In various parts of the trench there is up to 18 cm/year of trench roll back and 2.0 cm/year of trench advance.

The New Britain subduction zone is a continuum with the south Solomon's and Vanuatu subduction, which are also polarity-reversal. It is possible that the collision to the west of the 30–35 km thick Ontong Java Plateau with the Vitiaz Trench from about 25 million years ago initiated this polarity reversal.

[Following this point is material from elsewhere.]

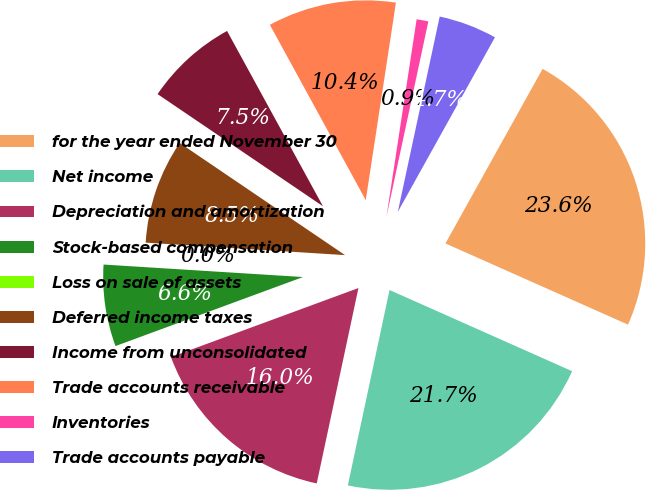Convert chart to OTSL. <chart><loc_0><loc_0><loc_500><loc_500><pie_chart><fcel>for the year ended November 30<fcel>Net income<fcel>Depreciation and amortization<fcel>Stock-based compensation<fcel>Loss on sale of assets<fcel>Deferred income taxes<fcel>Income from unconsolidated<fcel>Trade accounts receivable<fcel>Inventories<fcel>Trade accounts payable<nl><fcel>23.58%<fcel>21.69%<fcel>16.04%<fcel>6.61%<fcel>0.0%<fcel>8.49%<fcel>7.55%<fcel>10.38%<fcel>0.95%<fcel>4.72%<nl></chart>

However while current tectonics may be well understood, historic tectonics beyond a few million years ago, if that, are poorly understood. The models as developed have been pointed out to be quite inconsistent with the older geology, land fault structures or even the alkaline volcanism of the Tabar, Lihir, Tanga and Feni Islands.

====Seismicity====
The region is seismically active with twenty two earthquakes with magnitudes equal to or more than 7.5 in 115 years including two earthquakes. There is tsunami risk, particularly with great earthquakes. In the area under New Britain and in the area between New Ireland and Bougainville Island the majority of the earthquakes are associated with subduction and in the later portion a subducted slab can be mapped by seismicity to reach a maximum depth close to 660 km. There are however many known faults and fault zones, for example the Weitin Fault in Southern New Ireland. This is a transform fault between the South Bismarck plate and the Pacific plate, associated with the 16th of November events of the 2000 New Ireland earthquakes. The Bismarck Sea Seismic Delineation is an active transform fault zone that separates the suspected relic North Bismarck plate (i.e. Pacific plate) from the South Bismark plate to the north of the subduction zone.

====Volcanism====

The arc volcanoes are grouped into western, Willaumez Peninsula-Mount Ulawun and Rabaul areas. The Gazelle Volcanic Zone extends for 65 km across the central to northern part of the Gazelle Peninsula and the active Rabaul Caldera area to its north had eruptions that destroyed the port in 1994. The Solomon Islands are an active arc volcano chain. The spreading centers in the center of the Woodlark Basin are active volcanically but not manifest as activity on the surface of the ocean. There is probably no seafloor current volcanic activity associated with the Bismarck Sea Seismic Lineation but the Melanesian arc to its north is active. Active volcanism continues into both north-eastern and south-eastern New Guinea.